Monsieur le président, monsieur le secrétaire d'État, monsieur le président de commission, monsieur le rapporteur, chers collègues, la discussion du projet de loi NOME intervient dans une période où le contexte social et économique, difficilement prévisible, n'a plus rien à voir avec celui qui existait au moment où les orientations puis les décisions de la Commission européenne, à travers ses directives, ont été prises. Elles visaient à mettre en place, d'une manière très générale, une stratégie de concurrence pour tous les biens de consommation, quelle que soit leur nature, dans et entre les différents pays de l'Union. Ce projet de loi vise à respecter les exigences des directives européennes et, après avoir organisé la concurrence en matière de distribution de l'électricité, il s'agit maintenant d'élargir le champ de la concurrence au niveau de la production.

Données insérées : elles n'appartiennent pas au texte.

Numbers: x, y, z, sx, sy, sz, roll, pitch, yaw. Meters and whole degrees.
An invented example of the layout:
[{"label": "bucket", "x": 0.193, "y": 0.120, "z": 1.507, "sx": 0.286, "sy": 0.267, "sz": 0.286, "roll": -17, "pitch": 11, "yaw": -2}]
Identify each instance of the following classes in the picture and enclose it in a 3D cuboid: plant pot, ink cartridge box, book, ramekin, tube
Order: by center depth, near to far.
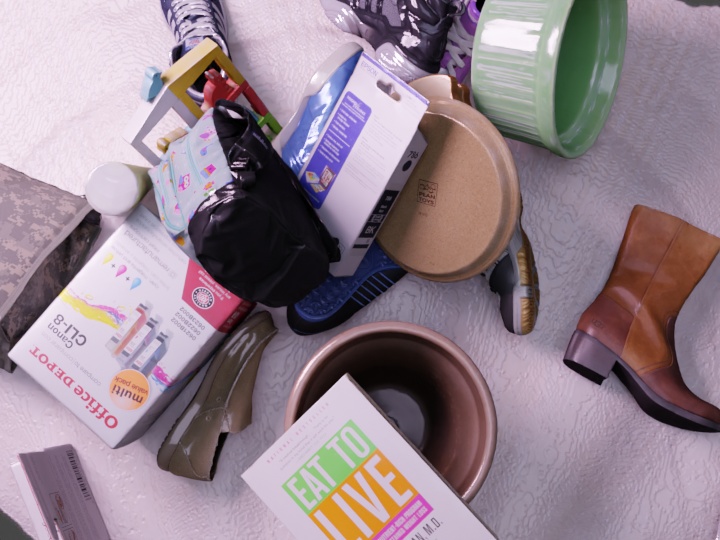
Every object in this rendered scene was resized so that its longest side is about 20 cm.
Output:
[{"label": "book", "x": 0.008, "y": 0.211, "z": 0.929, "sx": 0.134, "sy": 0.048, "sz": 0.200, "roll": -44, "pitch": 86, "yaw": 0}, {"label": "ink cartridge box", "x": -0.002, "y": -0.103, "z": 1.030, "sx": 0.099, "sy": 0.039, "sz": 0.201, "roll": 43, "pitch": 115, "yaw": 28}, {"label": "ink cartridge box", "x": -0.291, "y": 0.275, "z": 1.032, "sx": 0.044, "sy": 0.176, "sz": 0.202, "roll": -24, "pitch": 83, "yaw": -2}, {"label": "plant pot", "x": 0.029, "y": 0.155, "z": 1.041, "sx": 0.198, "sy": 0.175, "sz": 0.203, "roll": 0, "pitch": 84, "yaw": 2}, {"label": "tube", "x": -0.241, "y": -0.084, "z": 1.065, "sx": 0.057, "sy": 0.200, "sz": 0.053, "roll": 8, "pitch": 93, "yaw": -8}, {"label": "ink cartridge box", "x": -0.228, "y": 0.060, "z": 1.070, "sx": 0.145, "sy": 0.145, "sz": 0.200, "roll": 40, "pitch": 86, "yaw": 1}, {"label": "ramekin", "x": 0.194, "y": -0.222, "z": 1.073, "sx": 0.097, "sy": 0.200, "sz": 0.202, "roll": 15, "pitch": 83, "yaw": 29}]

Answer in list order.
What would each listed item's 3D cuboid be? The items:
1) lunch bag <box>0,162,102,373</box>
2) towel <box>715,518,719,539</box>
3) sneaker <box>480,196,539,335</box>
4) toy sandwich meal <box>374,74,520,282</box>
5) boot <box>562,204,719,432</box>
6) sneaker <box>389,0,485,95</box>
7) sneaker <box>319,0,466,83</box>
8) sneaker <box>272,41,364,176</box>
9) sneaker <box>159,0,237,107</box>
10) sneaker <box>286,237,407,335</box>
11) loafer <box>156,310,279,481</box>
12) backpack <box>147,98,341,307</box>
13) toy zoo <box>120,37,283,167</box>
[{"label": "lunch bag", "x": -0.385, "y": -0.021, "z": 1.095, "sx": 0.163, "sy": 0.118, "sz": 0.201, "roll": 22, "pitch": 54, "yaw": 7}, {"label": "towel", "x": 0.469, "y": 0.294, "z": 1.093, "sx": 0.198, "sy": 0.024, "sz": 0.149, "roll": 14, "pitch": 81, "yaw": 1}, {"label": "sneaker", "x": 0.138, "y": -0.026, "z": 1.122, "sx": 0.087, "sy": 0.076, "sz": 0.202, "roll": -12, "pitch": 80, "yaw": 16}, {"label": "toy sandwich meal", "x": 0.081, "y": -0.089, "z": 1.054, "sx": 0.203, "sy": 0.070, "sz": 0.208, "roll": 10, "pitch": 108, "yaw": 32}, {"label": "boot", "x": 0.337, "y": 0.053, "z": 1.117, "sx": 0.187, "sy": 0.069, "sz": 0.201, "roll": 28, "pitch": 77, "yaw": 12}, {"label": "sneaker", "x": 0.097, "y": -0.240, "z": 1.119, "sx": 0.072, "sy": 0.114, "sz": 0.201, "roll": 36, "pitch": 86, "yaw": 3}, {"label": "sneaker", "x": 0.038, "y": -0.286, "z": 1.103, "sx": 0.200, "sy": 0.075, "sz": 0.114, "roll": 50, "pitch": 117, "yaw": 35}, {"label": "sneaker", "x": -0.026, "y": -0.140, "z": 1.126, "sx": 0.111, "sy": 0.077, "sz": 0.201, "roll": 33, "pitch": 85, "yaw": 6}, {"label": "sneaker", "x": -0.179, "y": -0.261, "z": 1.128, "sx": 0.069, "sy": 0.109, "sz": 0.202, "roll": -15, "pitch": 83, "yaw": -1}, {"label": "sneaker", "x": 0.000, "y": 0.000, "z": 1.119, "sx": 0.199, "sy": 0.078, "sz": 0.070, "roll": -32, "pitch": 81, "yaw": -24}, {"label": "loafer", "x": -0.138, "y": 0.135, "z": 1.101, "sx": 0.067, "sy": 0.076, "sz": 0.201, "roll": 32, "pitch": 95, "yaw": 4}, {"label": "backpack", "x": -0.122, "y": -0.070, "z": 0.996, "sx": 0.126, "sy": 0.167, "sz": 0.201, "roll": -35, "pitch": 44, "yaw": 6}, {"label": "toy zoo", "x": -0.163, "y": -0.149, "z": 1.075, "sx": 0.020, "sy": 0.200, "sz": 0.131, "roll": 38, "pitch": 84, "yaw": 31}]

À première vue, un tel élargissement peut paraître logique puisqu'une véritable concurrence ne peut s'établir correctement que si tous les protagonistes sont soumis aux mêmes règles de base dans la production, la transformation, la distribution et la commercialisation, auxquelles il faudrait ajouter une nécessaire harmonisation fiscale et sociale. Mais on peut se demander si l'Europe, compte tenu du nouveau contexte économique, est aujourd'hui dans la bonne voie en persistant dans ses objectifs de concurrence à outrance sur des biens de consommation qui concernent très fortement le quotidien de nos concitoyens et des acteurs économiques.

Lorsque le gouvernement de Lionel Jospin s'est engagé sur le traité de Barcelone, dans un contexte alors très favorable aux idées libérales en matière de concurrence et de marché, il avait aussi fait preuve d'une forte exigence pour que l'Europe se dote d'une directive concernant les services d'intérêt économique général Or cette exigence n'a pas été suivie d'effet. Au contraire, la tendance libérale s'est amplifiée à travers une accélération des dérégulations, dont les effets négatifs ont été accentués par la crise financière et ses effets dévastateurs.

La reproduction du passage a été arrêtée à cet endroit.